Information du public

Le ministère insiste aussi sur l'objectif de "transparence" dans l'information du public. Depuis le 1er janvier 2022, l‘inspection des installations classées publie systématiquement sur le site géorisques les suites de ses inspections auprès des sites industriels : points de contrôle, liste des non-conformités et suites administratives envisagées. De son côté, l'Ineris travaille à l’élaboration d’un site internet mettant à disposition du grand public les différents prélèvements et analyses réalisés en situation post-accidentelle pour de futures éventuelles situations accidentelles. Ce site devrait être lancé courant 2023.

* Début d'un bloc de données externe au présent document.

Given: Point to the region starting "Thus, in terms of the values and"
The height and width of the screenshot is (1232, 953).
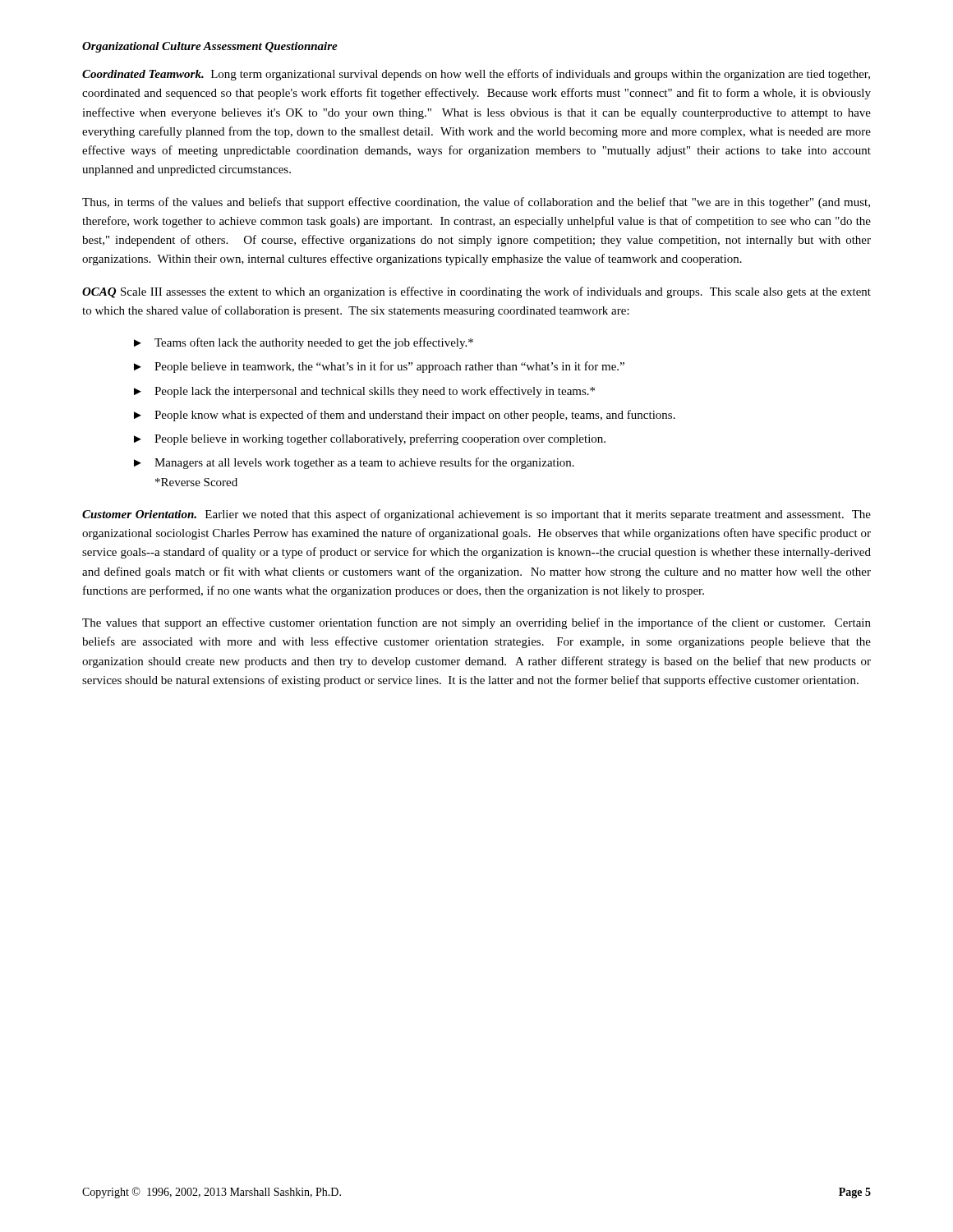Looking at the screenshot, I should tap(476, 230).

Le dispositif de "vigilance renforcée" des sites industriels faisant l’objet d’incidents, d’accidents réguliers ou de non-conformités est maintenant opérationnel. Dans ce cadre, un plan d’action spécifique a été demandé à l’exploitant et fera l’objet de contrôles supplémentaires de la part de l’inspection des installations classées qui en vérifiera la bonne mise en œuvre. L’avancement par les exploitants de leur plan de mise en conformité est également rendu public à maille semestrielle, ajoute le ministère. Enfin, ce dernier mentionne la préparation des populations aux risques, notamment à travers la journée nationale de la résilience qui aura lieu chaque année le 13 octobre.